>>
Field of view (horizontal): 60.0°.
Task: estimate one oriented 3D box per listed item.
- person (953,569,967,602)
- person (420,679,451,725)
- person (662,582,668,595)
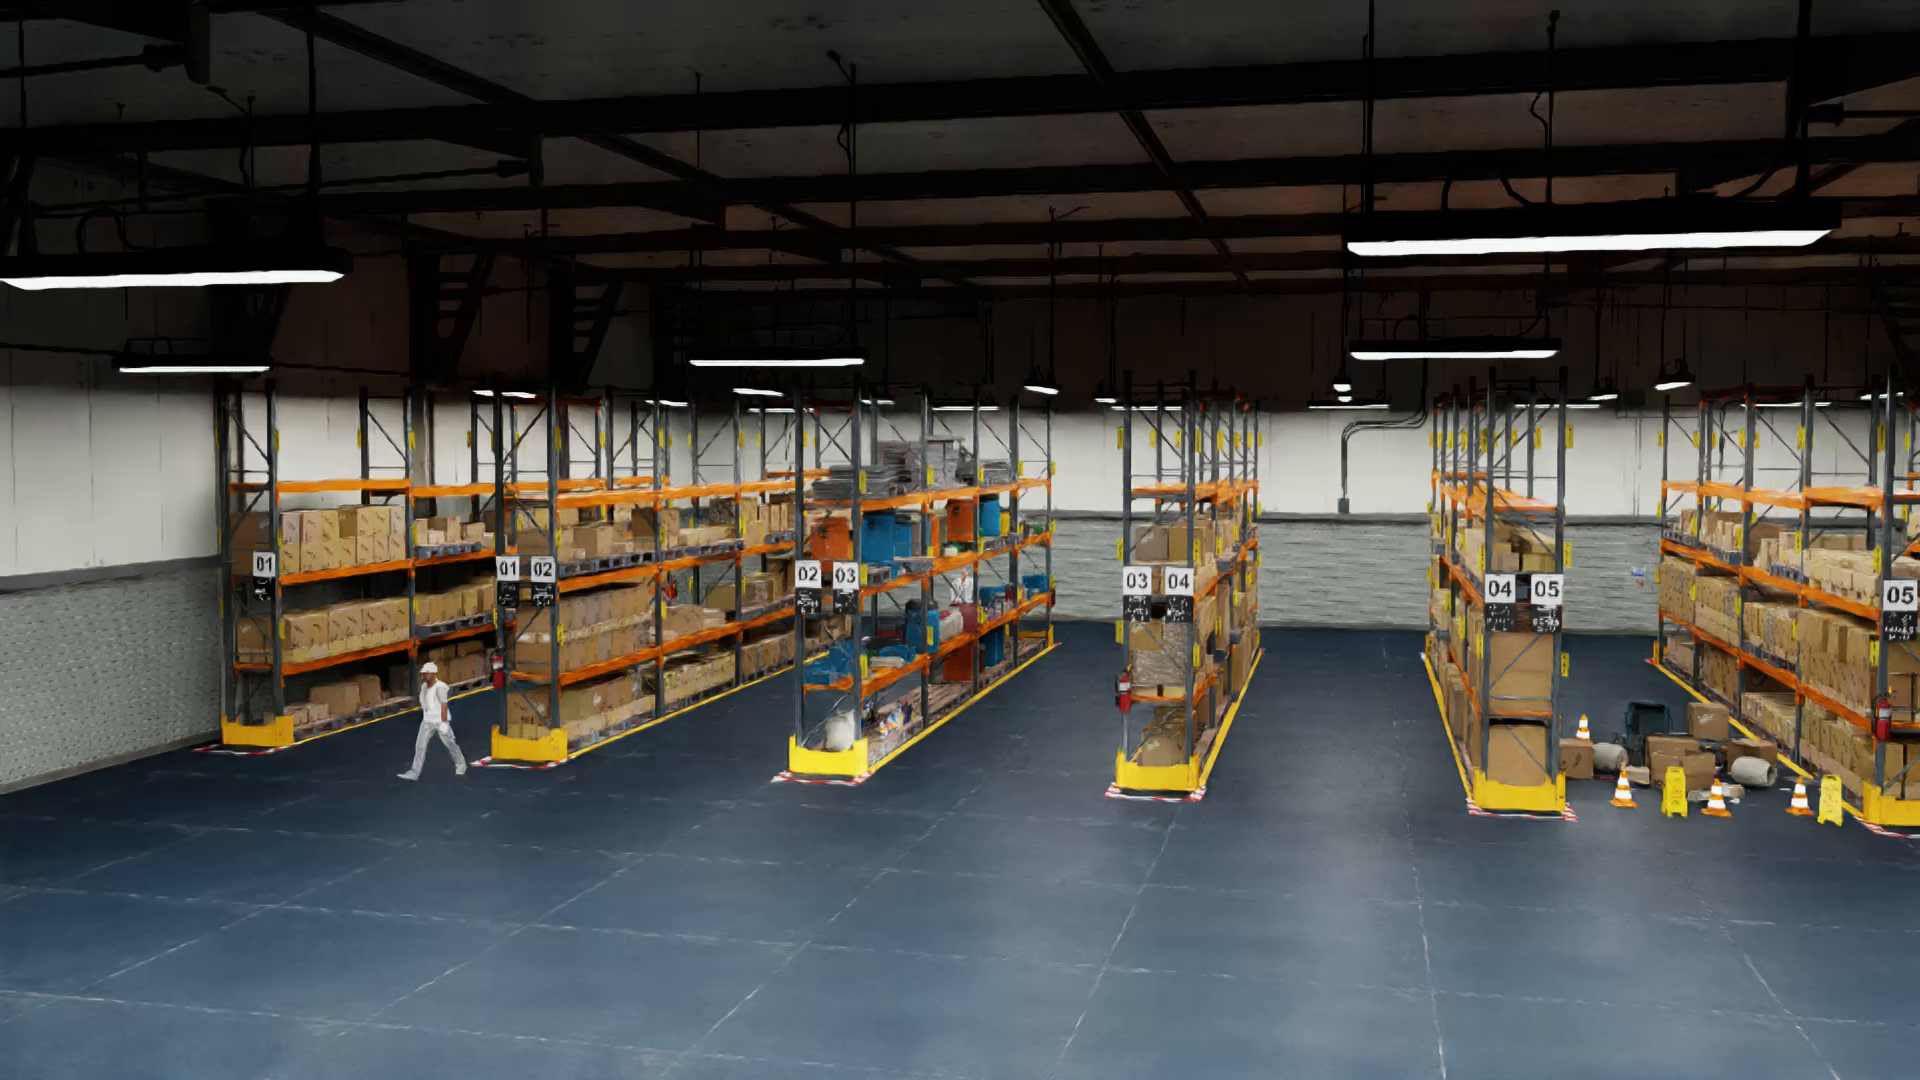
[{"bbox_3d":[0.104,1.589,42.549,0.688,1.733,0.546,1,4,12],"label":"person"},{"bbox_3d":[-7.726,2.376,24.508,0.561,0.664,0.392,3,4,36],"label":"person"},{"bbox_3d":[-7.097,1.813,39.796,0.341,1.576,0.559,0,3,2],"label":"person"}]
<<
#### Task prompt:
Copy all the records word for word and keep the pictures out.

#### Response below:
Field of view (horizontal): 60.0°.
Task: estimate one oriented 3D box per listed item.
- person (953,569,967,602)
- person (420,679,451,725)
- person (662,582,668,595)
[{"bbox_3d":[0.104,1.589,42.549,0.688,1.733,0.546,1,4,12],"label":"person"},{"bbox_3d":[-7.726,2.376,24.508,0.561,0.664,0.392,3,4,36],"label":"person"},{"bbox_3d":[-7.097,1.813,39.796,0.341,1.576,0.559,0,3,2],"label":"person"}]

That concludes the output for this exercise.